A joint venture led by Shui On Land has won the land-use rights to develop a residential project on a plot in Shanghai’s Yangpu district with a bid of RMB 2.38 billion ($340 million).
A wholly owned subsidiary of Shui On holds 60 percent of the JV, with the remaining 40 percent held by state-owned developer Shanghai Yangshupu, according to a Thursday filing with the Hong Kong stock exchange.
The parties plan to develop the 16,993.8 square metre (182,920 square foot) parcel on Pingliang Street into a heritage preservation project incorporating a high-end, low-density residential community, Shanghai-based Shui On said.
“The group is optimistic about the long-term prospects of the project, and considers it to be a strategic addition that will enhance the group’s market share and influence in Shanghai’s luxury residential market,” said chairman Vincent Lo. “The group anticipates the land will contribute good property sales income and strengthen the group’s financial position.”
Upmarket Riverside Zone
Situated in the Yangpu Riverside Zone about 2 kilometres (1.2 miles) from the Huangpu River, land parcel 03B3-01 at Block 6 of Pingliang Street is bounded by Xuchang Road to the east, Yangzhou Road to the south, Fenzhou Road to the west and Pingliang Road to the north.

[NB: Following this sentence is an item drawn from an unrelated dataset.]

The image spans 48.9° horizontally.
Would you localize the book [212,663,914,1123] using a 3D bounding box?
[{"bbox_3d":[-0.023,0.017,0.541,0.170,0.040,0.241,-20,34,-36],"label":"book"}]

The site sits near the Inner Ring Road elevated expressway in an area home to the headquarters of several internet firms. The plot is permitted for residential use for a term of 70 years with a gross floor area of 23,791.3 square metres, meaning the JV is paying roughly RMB 100,037 ($14,180) per square metre of potential GFA at the project.

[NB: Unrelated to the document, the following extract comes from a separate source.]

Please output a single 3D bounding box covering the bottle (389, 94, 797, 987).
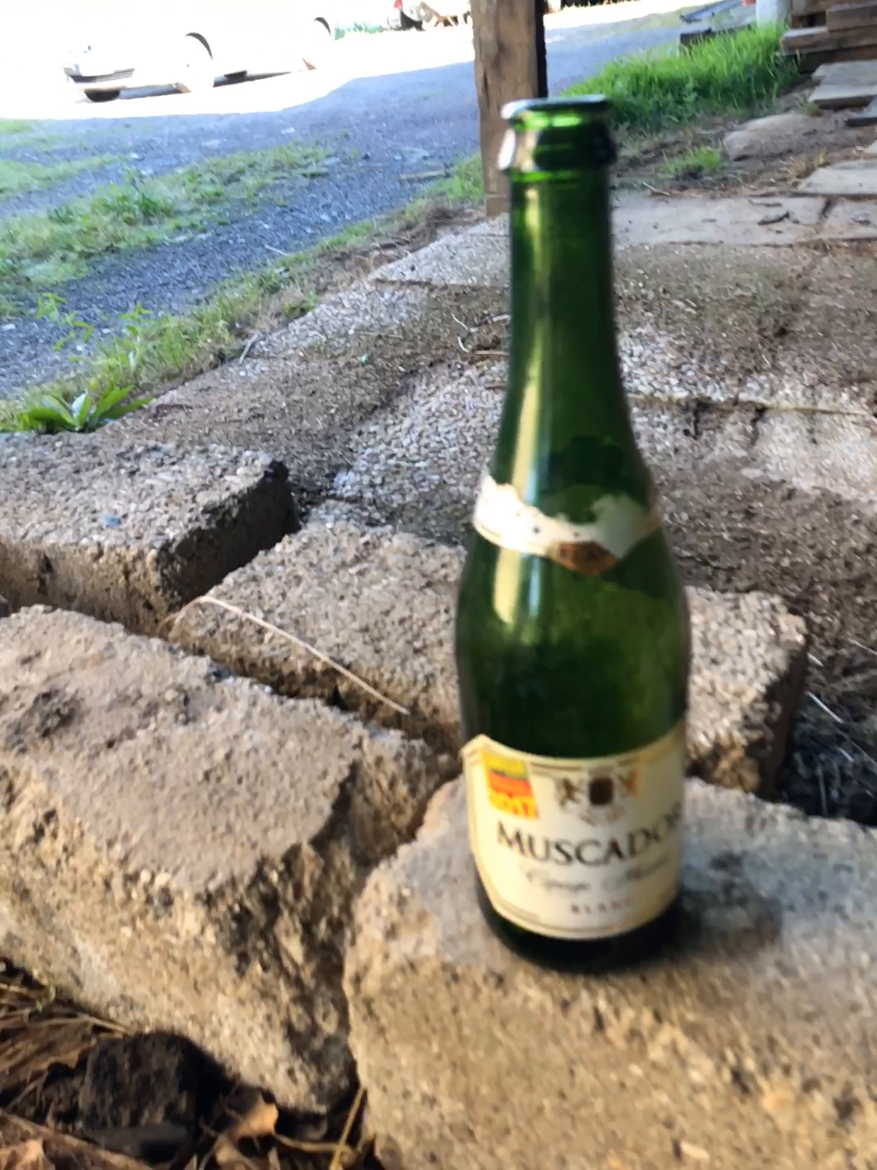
[{"bbox_3d":[0.047,0.001,0.323,0.090,0.288,0.091,-3,30,2],"label":"bottle"}]

“Given its location and development potential, the land is appealing to high-net-worth individuals, and the demand for high-end residential development is expected to be on the rise,” Shui On said.
The maximum capital commitment of the JV will be RMB 3.69 billion ($520 million), to be contributed by the partners on a pro rata basis.
Riding Out Xintiandi Stumble
Despite the cancelled Hong Kong IPO of its Xintiandi unit earlier this year, Shui On has remained upbeat as it continues to churn out sales and profit figures that most mainland developers would envy.
The group’s contracted property sales for the first half of 2022 rose by 55 percent year-on-year to RMB 18.7 billion (now $2.7 billion), Shui On said in its interim report released in September.
First-half profit attributable to shareholders eased to RMB 779 million from RMB 1.29 billion in the year-earlier period as the Chinese currency’s depreciation against the US dollar amplified foreign exchange losses.
The application for the listing of stand-alone entity Shui On Xintiandi — the holder of Shui On’s portfolio of 13 completed commercial assets, including Shanghai Xintiandi, the landmark shopping and entertainment complex in China’s commercial capital — lapsed into inactive status in March.
In August of last year, sources told Bloomberg that Shui On aimed to raise at least $500 million from the spin-off of the Xintiandi unit.
“We will proceed with this transformation of our group when there is a better market window,” Lo said in the interim report.